Here are the interesting excerpts from the article:

A potential financial disaster that could have shaken the housing market was averted because regulators discovered accounting failures at Fannie Mae and Freddie Mac, the new head of the agency that oversees the mortgage giants said Monday…

...but it still will take years to repair their internal problems…

I’m glad that the problems at Fannie and Freddie were caught early. However, knowing a problem exists does not equal solving the problem…
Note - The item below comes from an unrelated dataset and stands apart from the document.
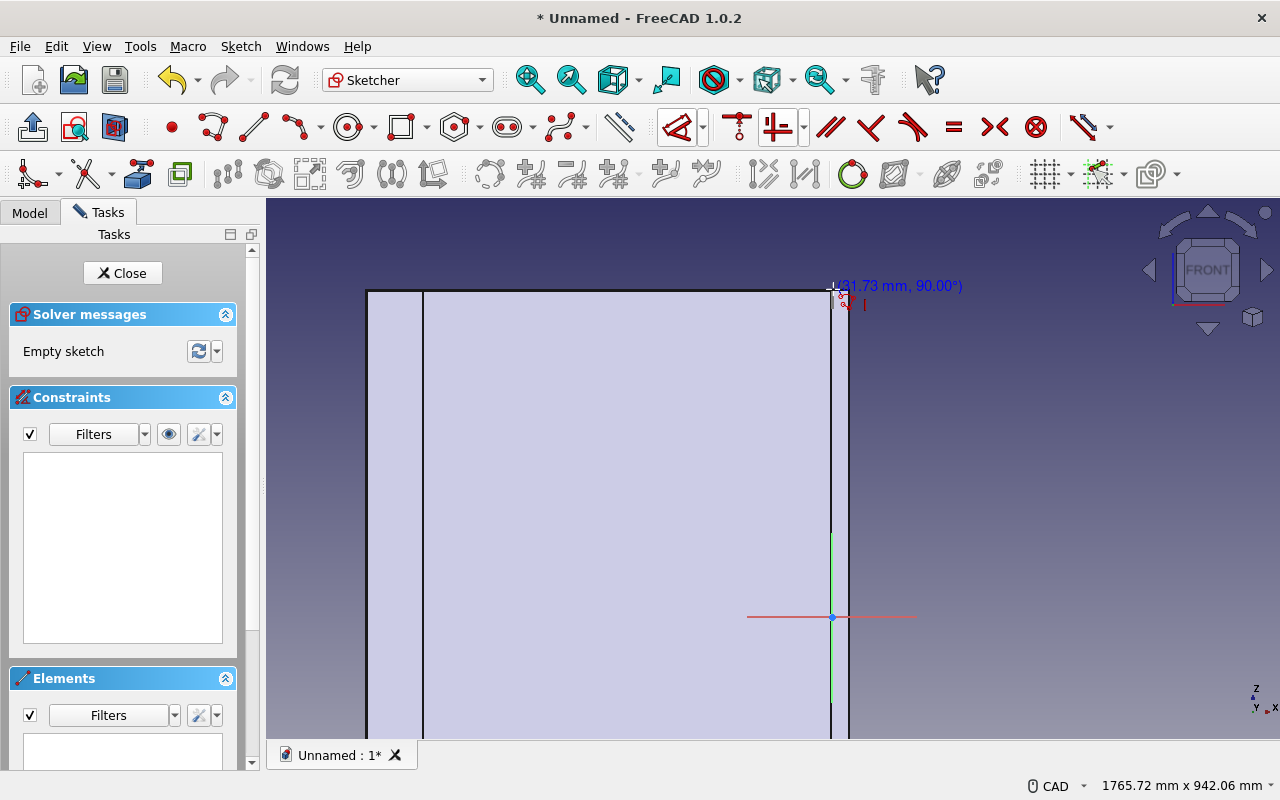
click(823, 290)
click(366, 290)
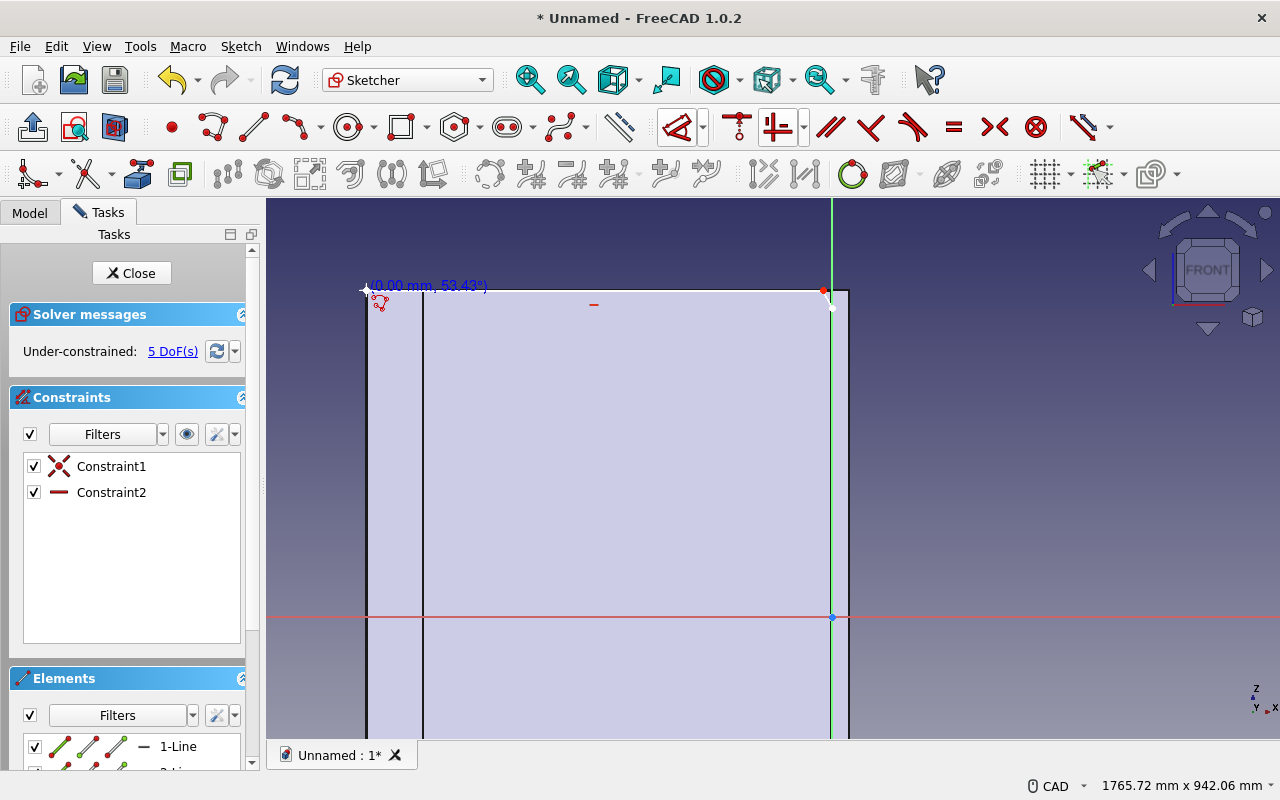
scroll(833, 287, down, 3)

“The housing market is so important to this country," said Lockhart, who has headed the Office of Federal Housing Enterprise Oversight for about two months. "And to have it built on what turned out to be a shaky foundation could have caused significant financial problems."
Shaky foundation? Significant financial problems?

Problems were averted, he said, because the regulators acted to identify and order corrections at Fannie Mae and Freddie Mac, which together stand behind some 40 percent of the $8 trillion U.S. home-mortgage market.
Fannie Mae and Freddie Mac are behind 40% of outstanding mortgages in the United States? And they were on a “shaky foundation”? Scary stuff.

Fannie Mae, the second-largest U.S. financial institution after Citigroup Inc. and the second-biggest borrower after the federal government, is restating its earnings back to 2001 — a correction expected to reach at least $11 billion.
$11 billion! That’s a chunk of change. But is it just the tip of the iceberg?

And what do exactly do they mean by the "second-biggest borrower after the federal government"?

Most people don't realize that Fannie Mae and Freddie Mac borrow money to buy mortgages in the secondary market, then package those mortgages into Mortgage-Backed-Securities (MBS) to sell on the open market.

Who buys MBSs?

Pension funds, hedge funds, mutual funds, insurance companies…

So, Fannie Mae borrows money to buy mortgages so that money can be loaned out again as mortgages, which Fannie Mae borrows money to buy, so THAT money can be loaned out again...

Does that sound like a sound way to bolster home-ownership?
Congress created Fannie Mae and Freddie Mac to inject money into the home-loan market. They buy mortgages from banks and other lenders and bundle the loans into securities for sale to investors worldwide.
And that’s where they went wrong. The anomalous rise in home prices between 1998 and today are in large part due to the artificial amount of liquidity injected into the mortgage market by Fannie Mae’s irresponsible handling of its duty. According to the article, Fannie Mae was engaged “in a deceptive accounting scheme from 1998 to 2004.”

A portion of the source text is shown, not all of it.